The Impact of the IKBKG Gene on the Appearance of the Corpus Callosum Abnormalities in Incontinentia Pigmenti

Snežana Minić  1 Nataša Cerovac  2 Ivana Novaković  3 Slobodan Gazikalović  4 Svetlana Popadić  1 Dušan Trpinac  5
Affiliations

The Impact of the IKBKG Gene on the Appearance of the Corpus Callosum Abnormalities in Incontinentia Pigmenti

Snežana Minić et al. Diagnostics (Basel). .

Abstract

Incontinentia pigmenti (IP) is a rare skin disease combined with anomalies of the teeth, eyes, and central nervous system (CNS). Mutations of the IKBKG gene are responsible for IP. Among the most frequent CNS abnormalities found in IP using magnetic resonance imaging (MRI) are corpus callosum (CC) abnormalities. The aim of the study was to determine the presence of CC abnormalities, their relationship with the IKBKG mutations, and the possible presence of mutations of other genes. A group of seven IP patients was examined. Analyses of the IKBKG gene and the X-chromosome inactivation pattern were performed, as well as MRI and whole exome sequencing (WES) with the focus on the genes relevant for neurodegeneration. WES analysis showed IKBKG mutation in all examined patients.

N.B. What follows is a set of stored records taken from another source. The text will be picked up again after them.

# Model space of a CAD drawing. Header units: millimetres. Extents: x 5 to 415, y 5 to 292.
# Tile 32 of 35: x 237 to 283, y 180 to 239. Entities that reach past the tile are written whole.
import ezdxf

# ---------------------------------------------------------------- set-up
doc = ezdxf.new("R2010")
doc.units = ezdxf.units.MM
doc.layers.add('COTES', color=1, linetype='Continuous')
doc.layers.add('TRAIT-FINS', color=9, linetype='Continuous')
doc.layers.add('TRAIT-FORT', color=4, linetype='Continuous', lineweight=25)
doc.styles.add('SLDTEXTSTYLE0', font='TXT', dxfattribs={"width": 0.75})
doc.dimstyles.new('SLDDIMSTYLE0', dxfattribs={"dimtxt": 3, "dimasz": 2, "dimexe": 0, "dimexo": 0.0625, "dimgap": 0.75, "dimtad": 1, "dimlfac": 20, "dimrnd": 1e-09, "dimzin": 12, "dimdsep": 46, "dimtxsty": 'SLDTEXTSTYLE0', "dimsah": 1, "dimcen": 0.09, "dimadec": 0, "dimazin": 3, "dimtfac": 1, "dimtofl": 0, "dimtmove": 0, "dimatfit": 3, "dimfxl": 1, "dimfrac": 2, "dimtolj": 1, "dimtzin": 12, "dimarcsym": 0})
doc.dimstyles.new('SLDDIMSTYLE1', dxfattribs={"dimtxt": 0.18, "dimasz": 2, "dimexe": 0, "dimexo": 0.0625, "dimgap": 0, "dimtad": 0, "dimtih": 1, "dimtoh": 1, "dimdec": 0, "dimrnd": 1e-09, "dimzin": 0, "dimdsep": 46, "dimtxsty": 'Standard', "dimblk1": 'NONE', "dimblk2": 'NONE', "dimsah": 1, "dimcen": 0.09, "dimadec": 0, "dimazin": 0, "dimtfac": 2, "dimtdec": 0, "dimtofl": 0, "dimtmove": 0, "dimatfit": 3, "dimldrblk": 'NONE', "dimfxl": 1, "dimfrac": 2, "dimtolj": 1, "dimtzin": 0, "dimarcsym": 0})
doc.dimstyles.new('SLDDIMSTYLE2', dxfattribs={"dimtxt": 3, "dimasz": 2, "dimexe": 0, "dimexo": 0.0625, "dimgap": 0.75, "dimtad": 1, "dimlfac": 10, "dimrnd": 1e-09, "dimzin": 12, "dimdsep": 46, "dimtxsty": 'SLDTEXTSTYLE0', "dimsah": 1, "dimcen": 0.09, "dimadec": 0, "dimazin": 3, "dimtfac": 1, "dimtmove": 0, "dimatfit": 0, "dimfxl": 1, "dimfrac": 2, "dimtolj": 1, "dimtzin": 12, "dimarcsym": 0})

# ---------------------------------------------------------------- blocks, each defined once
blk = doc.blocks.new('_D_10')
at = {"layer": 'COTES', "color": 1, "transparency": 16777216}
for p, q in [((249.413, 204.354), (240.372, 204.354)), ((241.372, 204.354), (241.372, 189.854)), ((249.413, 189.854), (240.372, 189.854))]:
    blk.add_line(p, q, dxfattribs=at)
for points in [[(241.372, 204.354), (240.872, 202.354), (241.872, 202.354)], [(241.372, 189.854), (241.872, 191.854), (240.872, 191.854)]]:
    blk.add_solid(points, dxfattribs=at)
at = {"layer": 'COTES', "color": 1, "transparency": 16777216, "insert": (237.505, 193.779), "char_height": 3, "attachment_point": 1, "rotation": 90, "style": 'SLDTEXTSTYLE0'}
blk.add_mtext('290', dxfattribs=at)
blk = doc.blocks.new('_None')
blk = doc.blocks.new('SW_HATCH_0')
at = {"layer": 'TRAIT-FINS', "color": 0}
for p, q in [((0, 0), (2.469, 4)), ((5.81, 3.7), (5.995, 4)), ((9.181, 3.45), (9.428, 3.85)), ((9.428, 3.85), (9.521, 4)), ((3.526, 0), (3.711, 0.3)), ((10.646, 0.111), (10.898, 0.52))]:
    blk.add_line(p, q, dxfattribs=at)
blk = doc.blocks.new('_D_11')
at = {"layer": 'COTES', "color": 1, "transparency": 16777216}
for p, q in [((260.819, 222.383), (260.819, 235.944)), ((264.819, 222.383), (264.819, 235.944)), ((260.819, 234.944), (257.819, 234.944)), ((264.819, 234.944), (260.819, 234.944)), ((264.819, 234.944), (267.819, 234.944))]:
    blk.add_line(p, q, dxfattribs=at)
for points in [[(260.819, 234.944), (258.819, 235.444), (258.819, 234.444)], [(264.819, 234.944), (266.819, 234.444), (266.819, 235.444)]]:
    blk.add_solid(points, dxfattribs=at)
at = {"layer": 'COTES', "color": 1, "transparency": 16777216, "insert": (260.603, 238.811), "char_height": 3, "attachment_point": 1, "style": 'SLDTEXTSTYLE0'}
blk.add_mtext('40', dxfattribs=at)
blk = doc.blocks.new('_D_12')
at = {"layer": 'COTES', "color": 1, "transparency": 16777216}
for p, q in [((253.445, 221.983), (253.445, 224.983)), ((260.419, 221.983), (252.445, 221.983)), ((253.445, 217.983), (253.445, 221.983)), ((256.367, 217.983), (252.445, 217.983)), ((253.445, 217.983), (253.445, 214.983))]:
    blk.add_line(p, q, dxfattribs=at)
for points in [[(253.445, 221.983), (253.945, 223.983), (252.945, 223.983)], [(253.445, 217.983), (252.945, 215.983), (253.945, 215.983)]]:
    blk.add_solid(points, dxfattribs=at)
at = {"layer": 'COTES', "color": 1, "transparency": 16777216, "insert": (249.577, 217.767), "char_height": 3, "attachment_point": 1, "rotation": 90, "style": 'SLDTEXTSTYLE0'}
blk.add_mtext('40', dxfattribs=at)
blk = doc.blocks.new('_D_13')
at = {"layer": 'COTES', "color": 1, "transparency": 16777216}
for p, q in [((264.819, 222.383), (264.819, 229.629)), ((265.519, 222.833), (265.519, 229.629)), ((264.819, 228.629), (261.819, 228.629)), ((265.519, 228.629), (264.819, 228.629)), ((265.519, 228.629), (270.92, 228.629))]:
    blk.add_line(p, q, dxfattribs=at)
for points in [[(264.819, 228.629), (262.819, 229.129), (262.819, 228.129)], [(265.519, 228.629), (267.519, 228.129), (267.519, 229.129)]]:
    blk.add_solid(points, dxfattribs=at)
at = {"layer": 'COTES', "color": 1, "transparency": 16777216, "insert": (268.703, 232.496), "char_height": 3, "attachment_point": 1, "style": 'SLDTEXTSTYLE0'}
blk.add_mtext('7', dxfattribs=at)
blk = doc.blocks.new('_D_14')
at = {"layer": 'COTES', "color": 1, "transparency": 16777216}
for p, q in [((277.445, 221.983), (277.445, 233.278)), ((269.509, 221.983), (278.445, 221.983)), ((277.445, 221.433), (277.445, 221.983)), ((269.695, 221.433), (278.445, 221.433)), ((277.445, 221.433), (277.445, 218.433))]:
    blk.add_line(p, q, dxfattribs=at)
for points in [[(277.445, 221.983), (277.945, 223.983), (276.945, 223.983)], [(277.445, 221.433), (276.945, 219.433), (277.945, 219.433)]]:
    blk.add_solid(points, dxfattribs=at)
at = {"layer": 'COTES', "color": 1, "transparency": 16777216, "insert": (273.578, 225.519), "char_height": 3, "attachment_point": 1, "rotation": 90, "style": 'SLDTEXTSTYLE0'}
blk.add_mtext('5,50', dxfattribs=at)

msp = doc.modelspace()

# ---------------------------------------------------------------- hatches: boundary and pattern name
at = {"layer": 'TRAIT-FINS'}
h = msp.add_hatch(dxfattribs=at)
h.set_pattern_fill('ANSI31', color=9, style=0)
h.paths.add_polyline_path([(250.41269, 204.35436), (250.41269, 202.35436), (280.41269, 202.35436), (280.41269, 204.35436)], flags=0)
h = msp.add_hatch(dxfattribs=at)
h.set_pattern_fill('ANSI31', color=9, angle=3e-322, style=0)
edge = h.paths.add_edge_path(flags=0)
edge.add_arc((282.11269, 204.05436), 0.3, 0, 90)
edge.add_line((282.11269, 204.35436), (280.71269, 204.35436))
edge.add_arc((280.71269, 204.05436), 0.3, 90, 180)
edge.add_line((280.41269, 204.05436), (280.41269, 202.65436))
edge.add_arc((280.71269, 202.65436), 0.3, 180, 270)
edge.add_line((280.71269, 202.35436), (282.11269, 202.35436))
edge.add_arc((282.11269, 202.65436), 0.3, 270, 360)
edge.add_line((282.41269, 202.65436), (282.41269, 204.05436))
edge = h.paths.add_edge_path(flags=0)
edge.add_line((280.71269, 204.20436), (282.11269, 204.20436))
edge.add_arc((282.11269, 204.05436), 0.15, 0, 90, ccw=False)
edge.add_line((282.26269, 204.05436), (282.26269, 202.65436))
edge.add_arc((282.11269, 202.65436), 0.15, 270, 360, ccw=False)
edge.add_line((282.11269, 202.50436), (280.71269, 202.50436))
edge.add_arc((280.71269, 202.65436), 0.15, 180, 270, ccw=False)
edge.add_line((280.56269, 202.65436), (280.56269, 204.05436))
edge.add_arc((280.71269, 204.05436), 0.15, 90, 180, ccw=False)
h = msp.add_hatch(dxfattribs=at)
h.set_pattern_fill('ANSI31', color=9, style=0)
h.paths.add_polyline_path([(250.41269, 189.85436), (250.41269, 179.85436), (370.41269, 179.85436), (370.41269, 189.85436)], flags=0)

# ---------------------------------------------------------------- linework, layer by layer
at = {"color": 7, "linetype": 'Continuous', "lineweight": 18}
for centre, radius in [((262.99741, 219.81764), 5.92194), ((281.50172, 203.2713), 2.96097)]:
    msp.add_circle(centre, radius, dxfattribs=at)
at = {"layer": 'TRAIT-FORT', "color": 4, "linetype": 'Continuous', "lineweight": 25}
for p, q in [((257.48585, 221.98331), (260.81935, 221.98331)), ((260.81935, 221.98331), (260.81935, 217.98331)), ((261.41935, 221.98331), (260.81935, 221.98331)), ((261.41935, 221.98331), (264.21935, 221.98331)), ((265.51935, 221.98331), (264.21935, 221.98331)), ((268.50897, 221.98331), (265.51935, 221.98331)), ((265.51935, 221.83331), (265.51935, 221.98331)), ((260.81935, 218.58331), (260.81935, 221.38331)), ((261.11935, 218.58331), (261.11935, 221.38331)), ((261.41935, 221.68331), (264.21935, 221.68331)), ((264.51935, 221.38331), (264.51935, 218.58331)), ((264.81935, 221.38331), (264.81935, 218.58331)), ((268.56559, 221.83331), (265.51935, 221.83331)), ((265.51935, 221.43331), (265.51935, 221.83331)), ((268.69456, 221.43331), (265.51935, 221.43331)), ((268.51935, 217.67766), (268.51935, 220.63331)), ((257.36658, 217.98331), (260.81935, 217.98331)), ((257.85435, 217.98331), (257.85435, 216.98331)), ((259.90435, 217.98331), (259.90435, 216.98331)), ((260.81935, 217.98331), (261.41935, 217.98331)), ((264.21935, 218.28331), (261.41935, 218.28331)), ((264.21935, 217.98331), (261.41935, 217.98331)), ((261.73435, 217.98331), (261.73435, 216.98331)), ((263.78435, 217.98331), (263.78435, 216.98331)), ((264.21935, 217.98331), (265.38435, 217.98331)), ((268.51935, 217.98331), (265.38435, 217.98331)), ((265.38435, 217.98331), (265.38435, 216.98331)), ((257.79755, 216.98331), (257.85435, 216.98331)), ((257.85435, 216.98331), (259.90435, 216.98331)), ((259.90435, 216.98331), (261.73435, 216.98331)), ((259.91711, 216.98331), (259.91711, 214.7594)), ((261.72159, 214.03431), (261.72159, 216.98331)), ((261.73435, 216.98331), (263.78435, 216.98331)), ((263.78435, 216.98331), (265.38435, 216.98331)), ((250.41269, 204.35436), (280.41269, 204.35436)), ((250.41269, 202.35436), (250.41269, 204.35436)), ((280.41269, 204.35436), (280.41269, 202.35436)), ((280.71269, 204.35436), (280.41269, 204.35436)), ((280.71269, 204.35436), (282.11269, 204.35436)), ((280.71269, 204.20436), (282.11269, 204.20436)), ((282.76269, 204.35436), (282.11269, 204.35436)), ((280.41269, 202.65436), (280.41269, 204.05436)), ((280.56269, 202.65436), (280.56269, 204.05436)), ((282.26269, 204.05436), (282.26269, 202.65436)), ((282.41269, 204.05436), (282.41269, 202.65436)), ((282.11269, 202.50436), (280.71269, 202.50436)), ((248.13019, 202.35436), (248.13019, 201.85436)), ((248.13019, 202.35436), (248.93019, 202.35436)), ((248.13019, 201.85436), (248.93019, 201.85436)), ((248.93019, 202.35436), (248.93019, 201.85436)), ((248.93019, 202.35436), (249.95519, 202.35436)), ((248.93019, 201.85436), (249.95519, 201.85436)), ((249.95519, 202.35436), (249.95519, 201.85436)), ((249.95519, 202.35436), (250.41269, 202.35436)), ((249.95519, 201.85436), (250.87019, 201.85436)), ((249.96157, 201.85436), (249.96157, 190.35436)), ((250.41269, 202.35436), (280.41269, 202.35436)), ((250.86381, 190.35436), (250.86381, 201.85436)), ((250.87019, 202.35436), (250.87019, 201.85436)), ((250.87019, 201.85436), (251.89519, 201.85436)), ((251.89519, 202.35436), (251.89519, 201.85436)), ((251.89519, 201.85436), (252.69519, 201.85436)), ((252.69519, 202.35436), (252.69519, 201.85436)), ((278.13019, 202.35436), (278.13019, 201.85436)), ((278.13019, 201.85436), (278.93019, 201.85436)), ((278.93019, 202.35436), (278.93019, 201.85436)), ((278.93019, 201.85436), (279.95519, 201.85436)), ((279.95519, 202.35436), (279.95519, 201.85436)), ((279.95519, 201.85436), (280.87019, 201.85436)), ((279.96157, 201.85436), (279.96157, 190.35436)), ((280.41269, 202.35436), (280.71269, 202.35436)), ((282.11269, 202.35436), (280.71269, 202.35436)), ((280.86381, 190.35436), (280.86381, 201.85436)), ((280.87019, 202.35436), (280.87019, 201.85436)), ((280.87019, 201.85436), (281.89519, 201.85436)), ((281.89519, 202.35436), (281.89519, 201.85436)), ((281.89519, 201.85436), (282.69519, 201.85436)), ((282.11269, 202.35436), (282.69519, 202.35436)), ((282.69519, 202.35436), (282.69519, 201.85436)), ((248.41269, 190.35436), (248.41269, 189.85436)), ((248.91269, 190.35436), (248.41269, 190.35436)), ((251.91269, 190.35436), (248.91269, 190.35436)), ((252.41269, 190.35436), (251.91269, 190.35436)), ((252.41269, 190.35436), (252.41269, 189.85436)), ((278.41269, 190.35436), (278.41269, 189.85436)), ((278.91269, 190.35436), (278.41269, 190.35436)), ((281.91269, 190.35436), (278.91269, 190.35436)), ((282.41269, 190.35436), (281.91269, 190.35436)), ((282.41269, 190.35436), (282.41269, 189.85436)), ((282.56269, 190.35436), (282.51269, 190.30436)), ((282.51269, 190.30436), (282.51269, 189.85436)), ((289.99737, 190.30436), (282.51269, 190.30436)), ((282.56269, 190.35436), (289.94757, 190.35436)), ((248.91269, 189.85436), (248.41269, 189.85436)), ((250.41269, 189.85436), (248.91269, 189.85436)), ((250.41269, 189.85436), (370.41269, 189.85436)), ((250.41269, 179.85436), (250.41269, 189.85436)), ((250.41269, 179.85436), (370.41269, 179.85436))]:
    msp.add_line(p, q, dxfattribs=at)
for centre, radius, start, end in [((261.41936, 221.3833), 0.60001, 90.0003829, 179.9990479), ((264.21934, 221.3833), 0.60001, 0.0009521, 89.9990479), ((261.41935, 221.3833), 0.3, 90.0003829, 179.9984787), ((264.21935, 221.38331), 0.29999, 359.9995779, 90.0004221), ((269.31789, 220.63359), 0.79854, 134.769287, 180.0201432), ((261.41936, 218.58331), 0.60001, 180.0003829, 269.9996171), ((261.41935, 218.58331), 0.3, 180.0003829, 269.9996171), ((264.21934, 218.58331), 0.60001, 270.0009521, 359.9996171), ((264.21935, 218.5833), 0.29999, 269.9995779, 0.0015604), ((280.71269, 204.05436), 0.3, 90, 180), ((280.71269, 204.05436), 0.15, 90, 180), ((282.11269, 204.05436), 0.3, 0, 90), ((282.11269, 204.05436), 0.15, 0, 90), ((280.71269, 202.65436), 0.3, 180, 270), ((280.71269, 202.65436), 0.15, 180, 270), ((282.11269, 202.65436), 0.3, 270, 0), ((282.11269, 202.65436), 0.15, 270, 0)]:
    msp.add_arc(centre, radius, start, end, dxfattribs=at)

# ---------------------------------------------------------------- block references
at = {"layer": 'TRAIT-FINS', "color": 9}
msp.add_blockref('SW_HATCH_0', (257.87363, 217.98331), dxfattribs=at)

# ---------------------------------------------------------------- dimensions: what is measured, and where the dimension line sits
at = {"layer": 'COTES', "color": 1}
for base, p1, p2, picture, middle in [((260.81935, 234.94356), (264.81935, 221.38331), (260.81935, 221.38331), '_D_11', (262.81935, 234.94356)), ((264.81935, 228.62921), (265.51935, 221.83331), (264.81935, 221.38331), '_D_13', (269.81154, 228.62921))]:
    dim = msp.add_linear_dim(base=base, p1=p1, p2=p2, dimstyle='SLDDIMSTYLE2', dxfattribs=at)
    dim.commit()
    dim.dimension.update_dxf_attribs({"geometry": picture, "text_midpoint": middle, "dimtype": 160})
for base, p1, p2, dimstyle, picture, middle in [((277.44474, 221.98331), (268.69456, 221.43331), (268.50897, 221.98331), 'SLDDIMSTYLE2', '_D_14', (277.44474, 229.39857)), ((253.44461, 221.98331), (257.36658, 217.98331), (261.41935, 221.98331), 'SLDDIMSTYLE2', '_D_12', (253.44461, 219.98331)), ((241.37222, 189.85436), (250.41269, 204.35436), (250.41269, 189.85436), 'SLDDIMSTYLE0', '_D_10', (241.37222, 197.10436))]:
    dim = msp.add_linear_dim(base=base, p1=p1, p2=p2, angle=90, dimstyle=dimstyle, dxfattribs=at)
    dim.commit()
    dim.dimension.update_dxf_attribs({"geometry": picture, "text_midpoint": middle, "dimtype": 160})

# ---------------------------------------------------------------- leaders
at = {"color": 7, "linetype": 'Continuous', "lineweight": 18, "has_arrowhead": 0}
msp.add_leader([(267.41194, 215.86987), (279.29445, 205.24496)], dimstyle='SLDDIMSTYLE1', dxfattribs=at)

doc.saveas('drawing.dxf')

A patient who had a mutation of a gene other than IKBKG was excluded from further study. Four of the seven patients had clinically diagnosed CNS anomalies; two out of four had MRI-diagnosed CC anomalies. The simultaneous presence of IKBKG mutation and CC abnormalities and the absence of other mutations indicate that IKBKG may be the cause of CC abnormalities and should be included in the list of genes responsible for CC abnormalities.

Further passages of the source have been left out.